Friday, January 3, 2014


            Aku mengerti saat salah dilakukan, maaf tak selalu mampir untuk memaklumi. Aku juga mengerti saat salah dilakukan berulang kali, kesempatan yang lain untuk memulai kembali tak selalu janji untuk datang hadir lagi. Tapi, bukankah Tuhan mengajarkan makhluknya untuk saling memahami? Bukankah orang – orang bilang tak ada manusia sempurna yang selalu baik kelakuannya?

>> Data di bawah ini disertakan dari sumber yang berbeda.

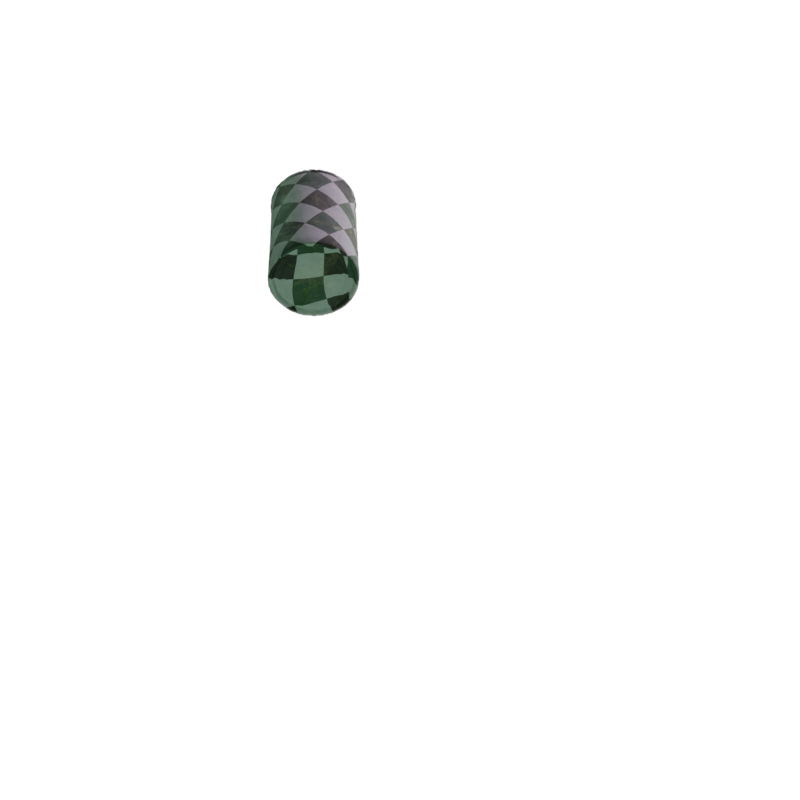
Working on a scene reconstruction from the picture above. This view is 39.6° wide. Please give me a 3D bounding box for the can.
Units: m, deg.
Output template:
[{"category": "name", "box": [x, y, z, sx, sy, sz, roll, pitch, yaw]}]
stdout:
[{"category": "can", "box": [-0.066, -0.120, 0.838, 0.068, 0.064, 0.109, -1, 39, -3]}]
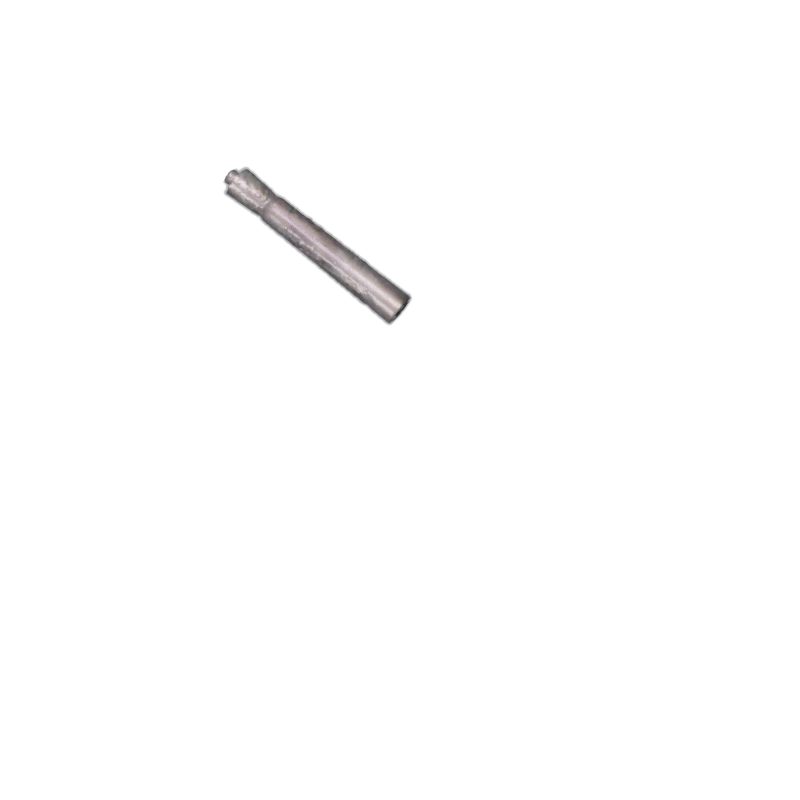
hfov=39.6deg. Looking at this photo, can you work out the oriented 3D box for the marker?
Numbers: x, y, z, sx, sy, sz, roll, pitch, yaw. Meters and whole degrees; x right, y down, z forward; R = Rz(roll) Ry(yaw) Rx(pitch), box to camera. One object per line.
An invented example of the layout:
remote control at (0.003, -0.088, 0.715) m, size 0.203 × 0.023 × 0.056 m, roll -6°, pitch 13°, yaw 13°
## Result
marker at (-0.047, -0.085, 0.598) m, size 0.124 × 0.019 × 0.019 m, roll 39°, pitch 11°, yaw 11°
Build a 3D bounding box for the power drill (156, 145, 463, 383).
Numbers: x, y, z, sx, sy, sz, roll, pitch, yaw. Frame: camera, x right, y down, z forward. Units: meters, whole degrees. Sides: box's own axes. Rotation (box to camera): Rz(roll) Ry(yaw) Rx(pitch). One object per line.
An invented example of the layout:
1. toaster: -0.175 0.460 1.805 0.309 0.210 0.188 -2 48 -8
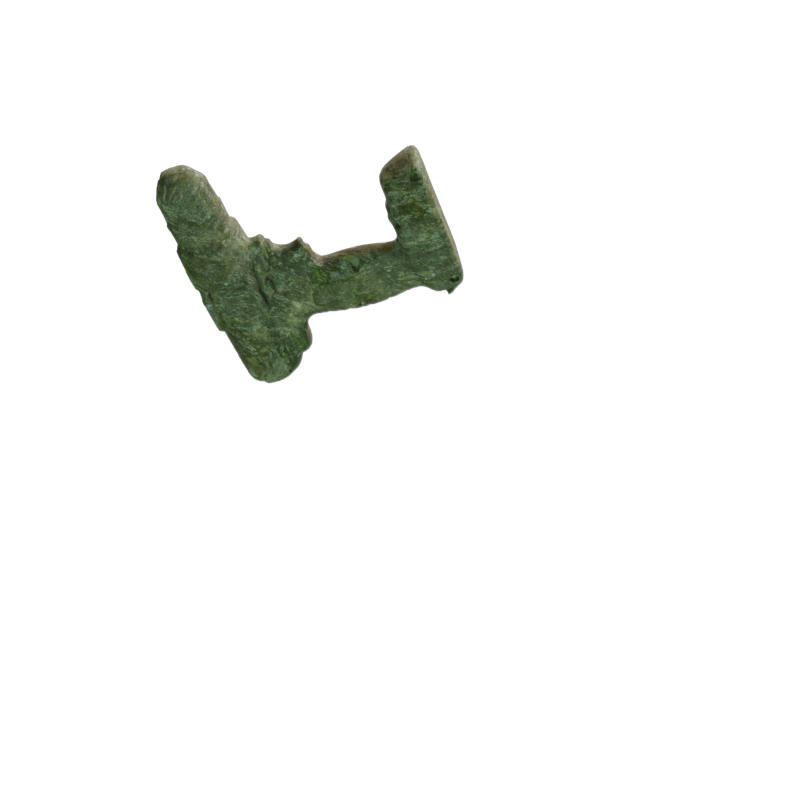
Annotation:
1. power drill: -0.062 -0.114 0.795 0.188 0.172 0.061 -19 31 12
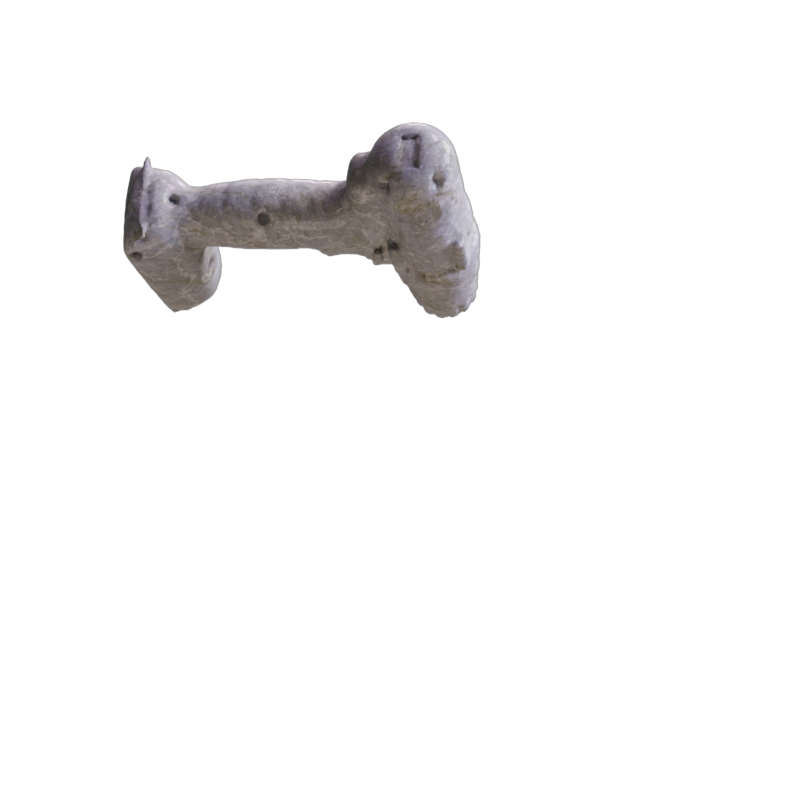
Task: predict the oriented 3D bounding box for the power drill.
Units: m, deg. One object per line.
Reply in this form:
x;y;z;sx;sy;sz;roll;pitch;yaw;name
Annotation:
-0.049;-0.090;0.631;0.190;0.061;0.173;-4;-22;9;power drill
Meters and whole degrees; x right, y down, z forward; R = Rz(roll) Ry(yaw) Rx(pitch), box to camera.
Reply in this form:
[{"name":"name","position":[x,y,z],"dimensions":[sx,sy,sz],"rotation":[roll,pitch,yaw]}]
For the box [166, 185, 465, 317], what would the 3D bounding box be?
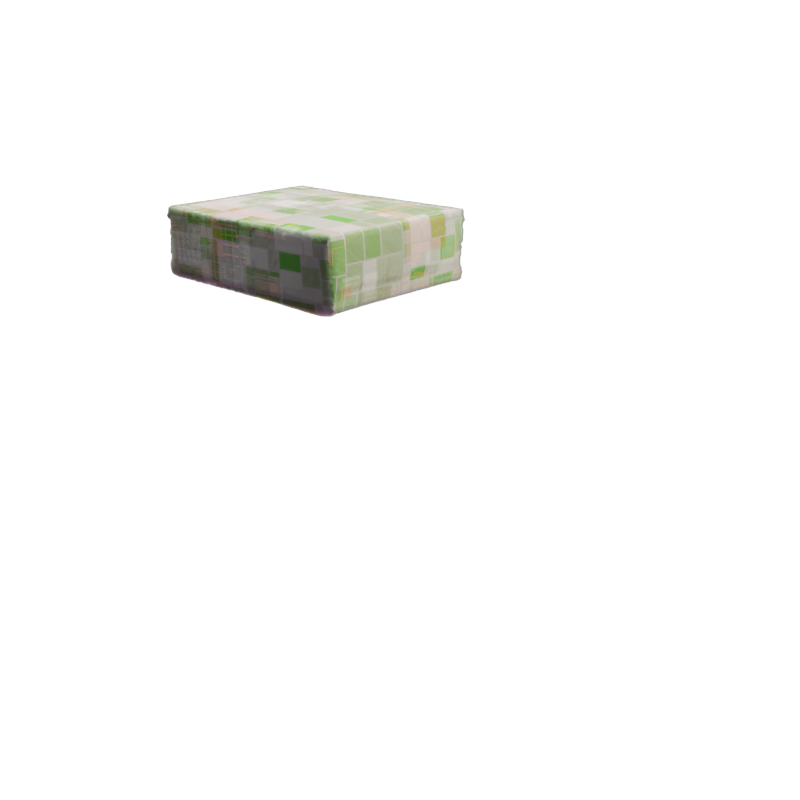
[{"name":"box","position":[-0.041,-0.075,0.523],"dimensions":[0.120,0.037,0.088],"rotation":[19,27,41]}]
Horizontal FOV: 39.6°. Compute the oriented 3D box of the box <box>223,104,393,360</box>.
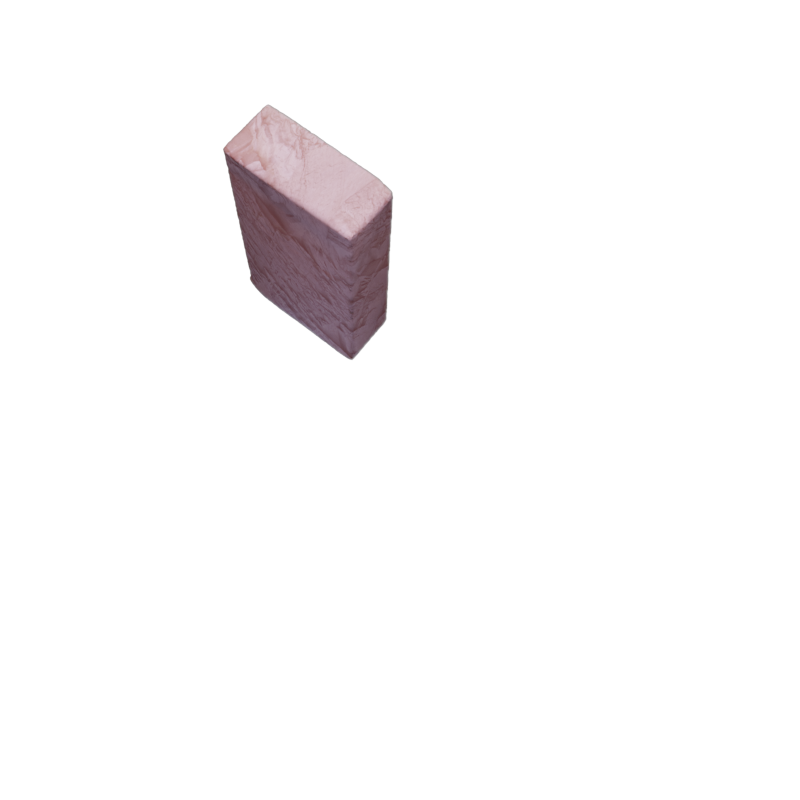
[{"bbox_3d":[-0.052,-0.096,0.673,0.097,0.049,0.167,38,-20,12],"label":"box"}]
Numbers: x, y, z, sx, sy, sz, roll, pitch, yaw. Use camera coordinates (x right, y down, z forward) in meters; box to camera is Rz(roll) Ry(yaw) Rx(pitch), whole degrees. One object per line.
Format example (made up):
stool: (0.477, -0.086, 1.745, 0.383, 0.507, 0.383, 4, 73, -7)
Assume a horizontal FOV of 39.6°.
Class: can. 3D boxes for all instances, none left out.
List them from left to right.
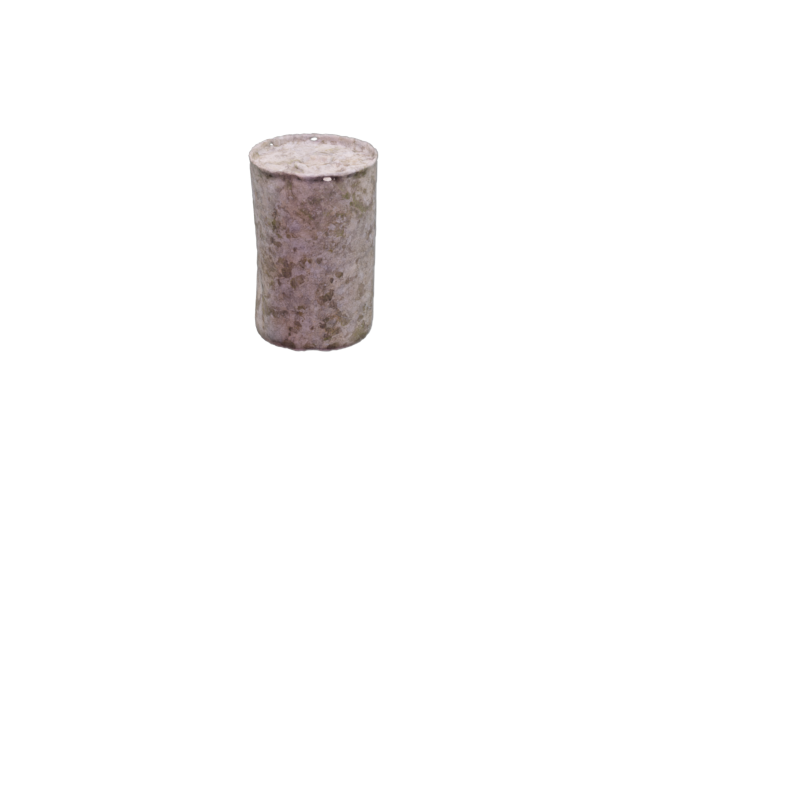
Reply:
can: (-0.047, -0.085, 0.599, 0.068, 0.097, 0.072, 0, 26, -2)
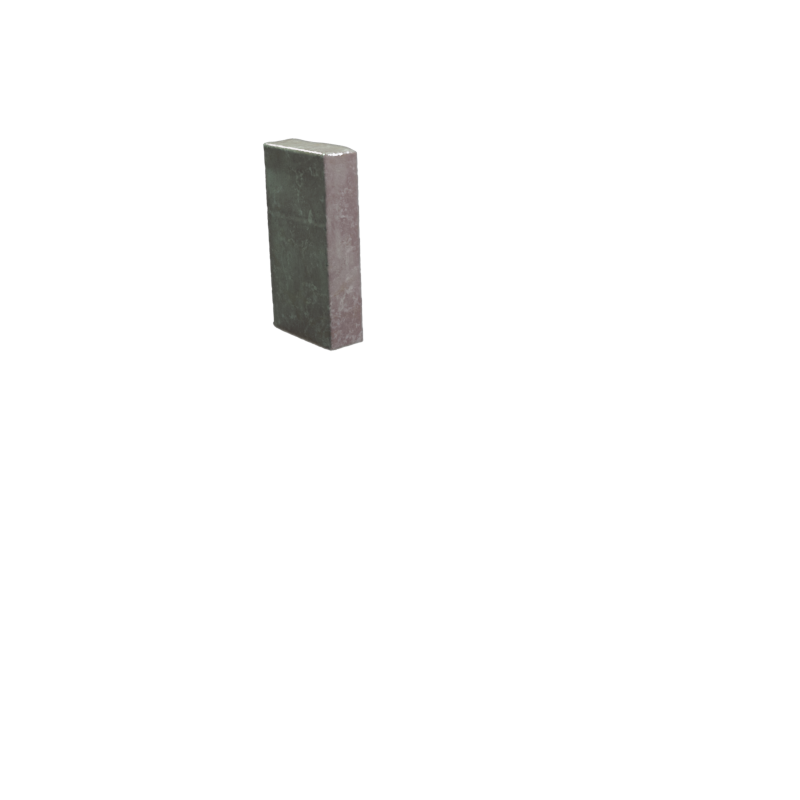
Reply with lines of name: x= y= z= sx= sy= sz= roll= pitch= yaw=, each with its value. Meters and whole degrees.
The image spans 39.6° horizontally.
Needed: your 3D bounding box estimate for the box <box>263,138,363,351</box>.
box: x=-0.077 y=-0.142 z=0.994 sx=0.047 sy=0.170 sz=0.099 roll=-10 pitch=19 yaw=-38
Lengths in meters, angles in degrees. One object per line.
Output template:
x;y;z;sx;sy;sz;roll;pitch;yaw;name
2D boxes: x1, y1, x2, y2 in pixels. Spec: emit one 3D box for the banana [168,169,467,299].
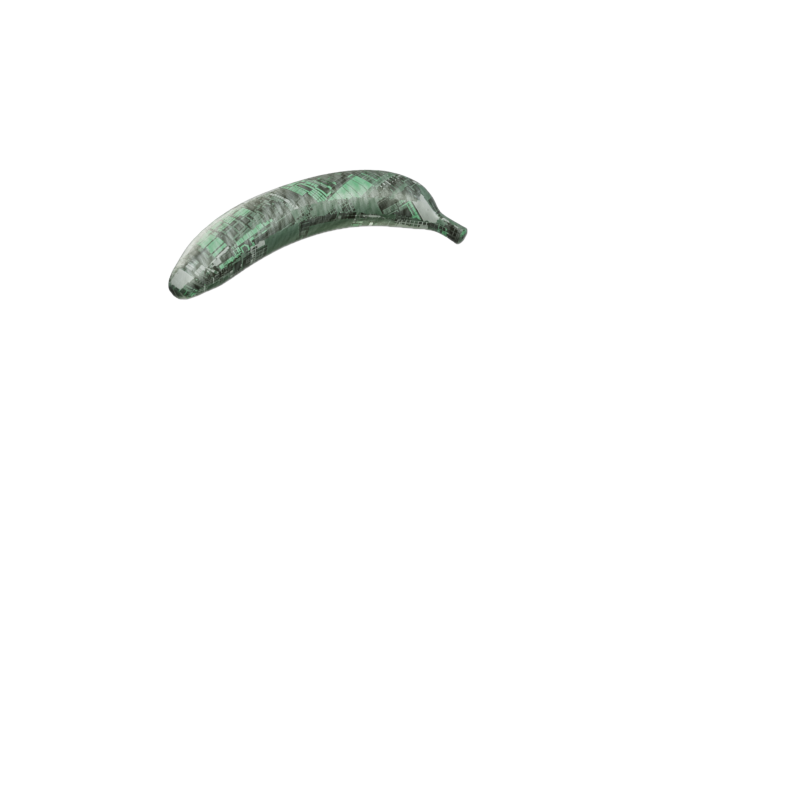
-0.058;-0.113;0.709;0.195;0.034;0.075;-15;45;-16;banana

            Kali ini, salahku juga yang terlalu bermain emosi. Perasaan yang aku punya terlalu besar, sehingga tak bisa ku bendung lagi. Sulit untuk mengatakannya, aku hanya akan berusaha menggambarkannya melalui analogi ku sendiri.
            Orang – orang bilang; kalau mencintai seseorang jangan dicintai terlalu besar. Karena hanya akan menyebabkan perpisahan karena cinta itu sendiri. Ibarat kamu yang begitu menyukai pantai, pasti tak akan lekang dari pasirnya bukan? Saat memegang pasir itu yang kita ibaratkan. Saat memegang pasir, jangan dengan cara mengambilnya bulat – bulat lalu mengepalkan tangan. Hanya serpihan kecil yang akan di dapat. Tapi, buka dengan lebar tangan yang kamu punya, sendokkan pasir didalam ruang yang kamu buat itu, maka pasir yang tetap disana akan sangat banyak dibanding percobaan pertama. 
Begitu juga yang terjadi saat mencintai seseorang..
Aku belajar dari cerita pasir ini. Aku juga banyak belajar dari hubunganku dengan gadis yang satu itu. Aku terlalu mencintai, dan mengenggammu terlalu erat. Bahkan untuk sekedar memberimu ruang untuk bernafas pun tak aku lakukan.
Harusnya aku tak pernah termakan rasa, karena saat berlebihan, bukan jaminan untuk kita bisa mengontrolnya. Tapi, kalau tidak menggunakkan rasa, bagaimana kamu meng-iyakan kalau itu cinta?
            Lalu, menurut kalian yang mana yang benar? Mencintai dengan rasa, atau membiarkannya tanpa tau kejelasan; itu cinta atau apa?